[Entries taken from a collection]
——

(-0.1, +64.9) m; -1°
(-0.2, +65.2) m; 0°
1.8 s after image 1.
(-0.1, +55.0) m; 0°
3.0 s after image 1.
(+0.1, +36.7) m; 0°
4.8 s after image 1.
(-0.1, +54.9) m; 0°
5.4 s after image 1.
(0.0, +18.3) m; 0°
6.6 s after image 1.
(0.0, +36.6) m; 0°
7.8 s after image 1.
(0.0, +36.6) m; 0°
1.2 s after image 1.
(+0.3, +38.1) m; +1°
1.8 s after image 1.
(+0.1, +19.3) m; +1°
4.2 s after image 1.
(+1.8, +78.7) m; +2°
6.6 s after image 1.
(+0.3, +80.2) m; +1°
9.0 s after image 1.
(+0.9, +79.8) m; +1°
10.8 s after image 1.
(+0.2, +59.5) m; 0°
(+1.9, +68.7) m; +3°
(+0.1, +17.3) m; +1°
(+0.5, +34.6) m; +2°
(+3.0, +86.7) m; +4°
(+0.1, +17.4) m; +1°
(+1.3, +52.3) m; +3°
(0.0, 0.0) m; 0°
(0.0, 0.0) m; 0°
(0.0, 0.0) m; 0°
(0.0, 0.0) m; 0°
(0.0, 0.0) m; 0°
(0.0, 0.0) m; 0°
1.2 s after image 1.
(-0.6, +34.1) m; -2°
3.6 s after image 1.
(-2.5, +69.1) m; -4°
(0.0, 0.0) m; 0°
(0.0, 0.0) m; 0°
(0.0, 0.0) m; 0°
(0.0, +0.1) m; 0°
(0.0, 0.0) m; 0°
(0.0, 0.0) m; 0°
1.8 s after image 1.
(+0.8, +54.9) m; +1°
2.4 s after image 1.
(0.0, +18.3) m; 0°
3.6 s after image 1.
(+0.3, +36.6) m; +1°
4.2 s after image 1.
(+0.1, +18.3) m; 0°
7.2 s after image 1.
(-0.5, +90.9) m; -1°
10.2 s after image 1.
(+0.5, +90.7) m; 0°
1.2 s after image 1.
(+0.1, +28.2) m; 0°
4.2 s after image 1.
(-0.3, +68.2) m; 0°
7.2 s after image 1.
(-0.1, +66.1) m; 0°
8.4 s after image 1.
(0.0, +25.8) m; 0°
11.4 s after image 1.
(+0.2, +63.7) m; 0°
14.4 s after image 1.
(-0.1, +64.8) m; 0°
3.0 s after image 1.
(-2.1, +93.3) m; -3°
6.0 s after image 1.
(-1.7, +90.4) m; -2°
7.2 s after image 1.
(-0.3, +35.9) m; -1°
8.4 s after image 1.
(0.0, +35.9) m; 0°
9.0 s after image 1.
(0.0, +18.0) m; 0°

——

▶ **Task goal**: Retype exactly the lines from the one containing "2.4 s after image 1." through the last line of the records above, including both.

▶ **Result of the exercise**:
2.4 s after image 1.
(0.0, +18.3) m; 0°
3.6 s after image 1.
(+0.3, +36.6) m; +1°
4.2 s after image 1.
(+0.1, +18.3) m; 0°
7.2 s after image 1.
(-0.5, +90.9) m; -1°
10.2 s after image 1.
(+0.5, +90.7) m; 0°
1.2 s after image 1.
(+0.1, +28.2) m; 0°
4.2 s after image 1.
(-0.3, +68.2) m; 0°
7.2 s after image 1.
(-0.1, +66.1) m; 0°
8.4 s after image 1.
(0.0, +25.8) m; 0°
11.4 s after image 1.
(+0.2, +63.7) m; 0°
14.4 s after image 1.
(-0.1, +64.8) m; 0°
3.0 s after image 1.
(-2.1, +93.3) m; -3°
6.0 s after image 1.
(-1.7, +90.4) m; -2°
7.2 s after image 1.
(-0.3, +35.9) m; -1°
8.4 s after image 1.
(0.0, +35.9) m; 0°
9.0 s after image 1.
(0.0, +18.0) m; 0°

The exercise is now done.